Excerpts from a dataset

--- START ---

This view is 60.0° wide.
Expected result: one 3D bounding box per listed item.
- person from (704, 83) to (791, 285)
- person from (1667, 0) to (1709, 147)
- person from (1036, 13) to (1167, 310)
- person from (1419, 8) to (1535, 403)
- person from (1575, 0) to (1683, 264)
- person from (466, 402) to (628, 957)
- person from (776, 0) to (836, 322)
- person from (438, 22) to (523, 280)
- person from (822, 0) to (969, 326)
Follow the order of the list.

--- END ---
--- START ---

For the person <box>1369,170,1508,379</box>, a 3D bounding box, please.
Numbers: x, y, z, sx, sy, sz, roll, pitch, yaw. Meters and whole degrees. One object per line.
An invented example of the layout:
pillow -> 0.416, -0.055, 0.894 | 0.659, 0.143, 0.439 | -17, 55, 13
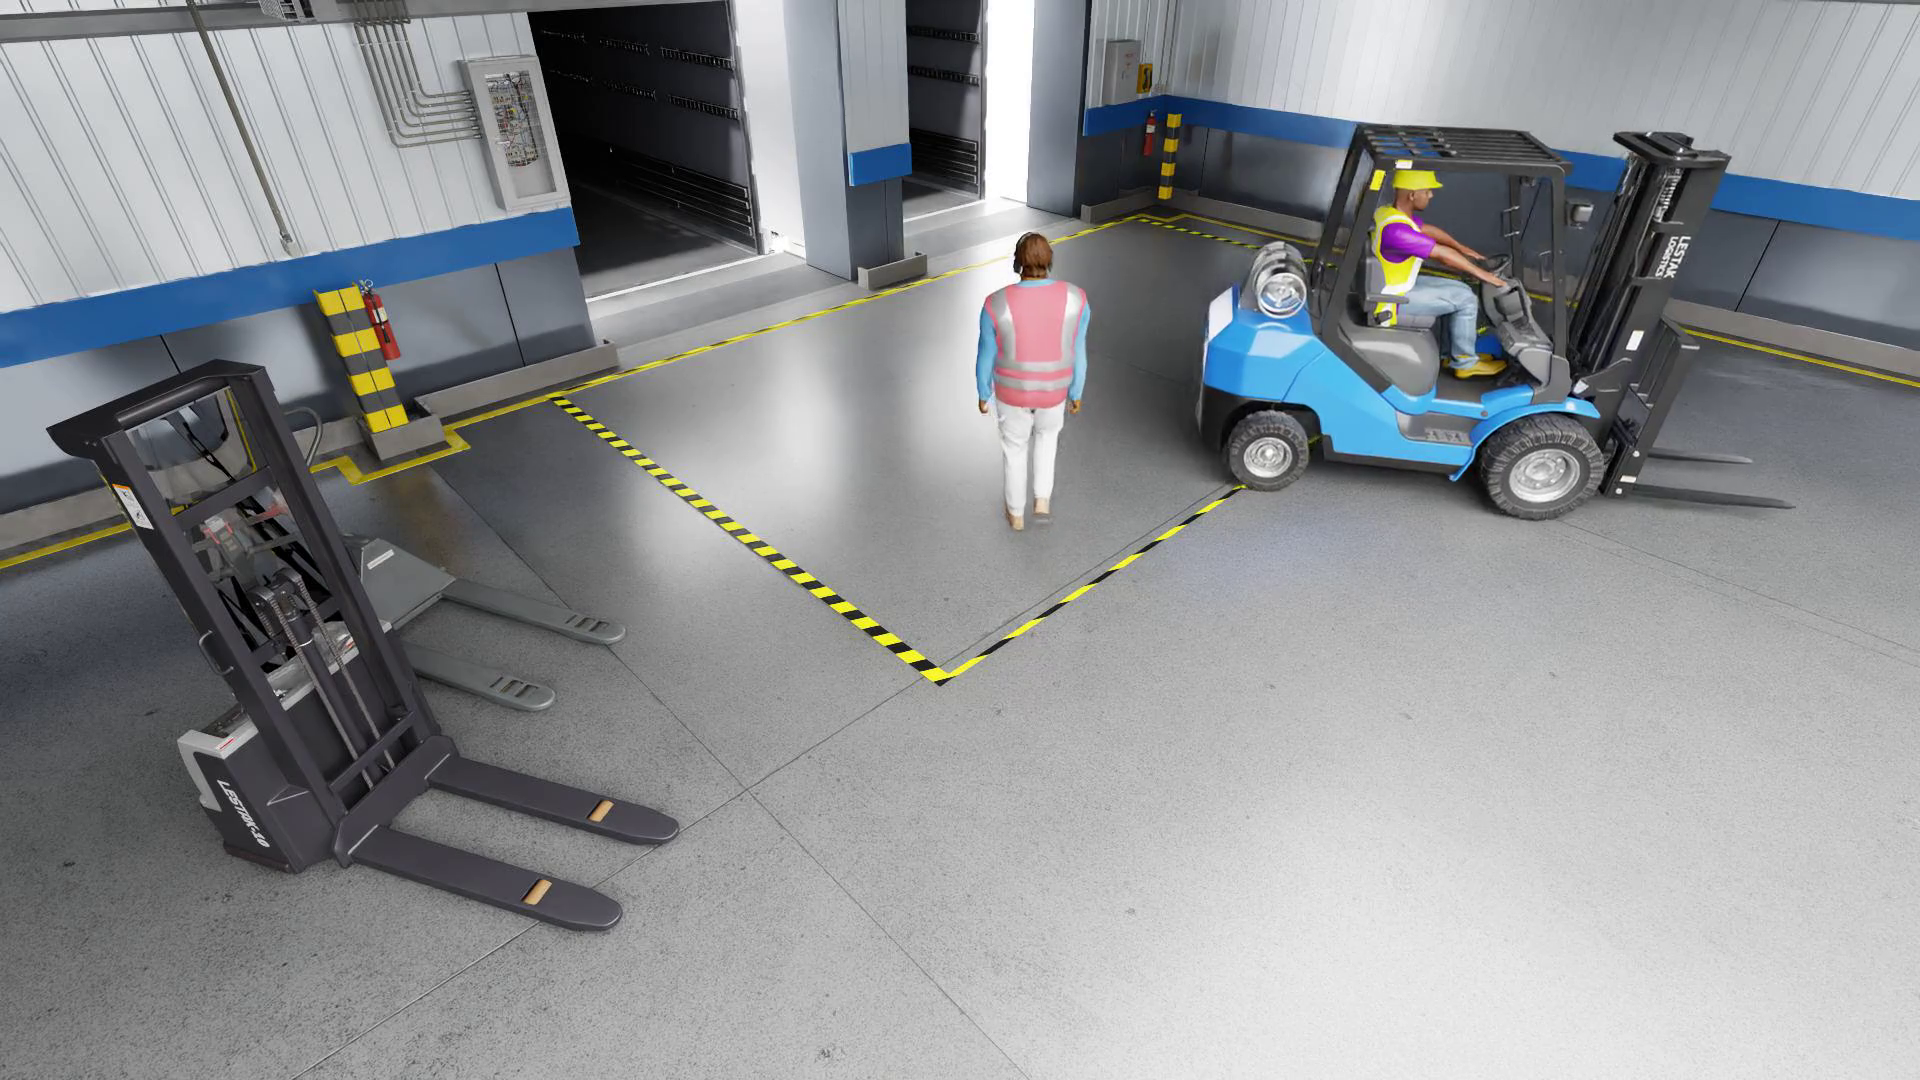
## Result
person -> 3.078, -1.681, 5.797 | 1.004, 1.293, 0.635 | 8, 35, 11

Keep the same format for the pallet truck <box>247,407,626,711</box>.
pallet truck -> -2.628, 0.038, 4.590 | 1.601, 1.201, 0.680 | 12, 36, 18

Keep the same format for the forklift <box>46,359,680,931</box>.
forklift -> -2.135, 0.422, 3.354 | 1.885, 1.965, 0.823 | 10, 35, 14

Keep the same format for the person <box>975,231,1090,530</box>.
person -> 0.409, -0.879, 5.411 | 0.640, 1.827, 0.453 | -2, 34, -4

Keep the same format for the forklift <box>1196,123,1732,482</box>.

--- END ---

*WORK ORDER*
From the entries above, extract only the lines running from the one containing "- person from (1419, 8) to (1535, 403)" through the one containing "Follow the order of the list.", inclusive.

*ANSWER*
- person from (1419, 8) to (1535, 403)
- person from (1575, 0) to (1683, 264)
- person from (466, 402) to (628, 957)
- person from (776, 0) to (836, 322)
- person from (438, 22) to (523, 280)
- person from (822, 0) to (969, 326)
Follow the order of the list.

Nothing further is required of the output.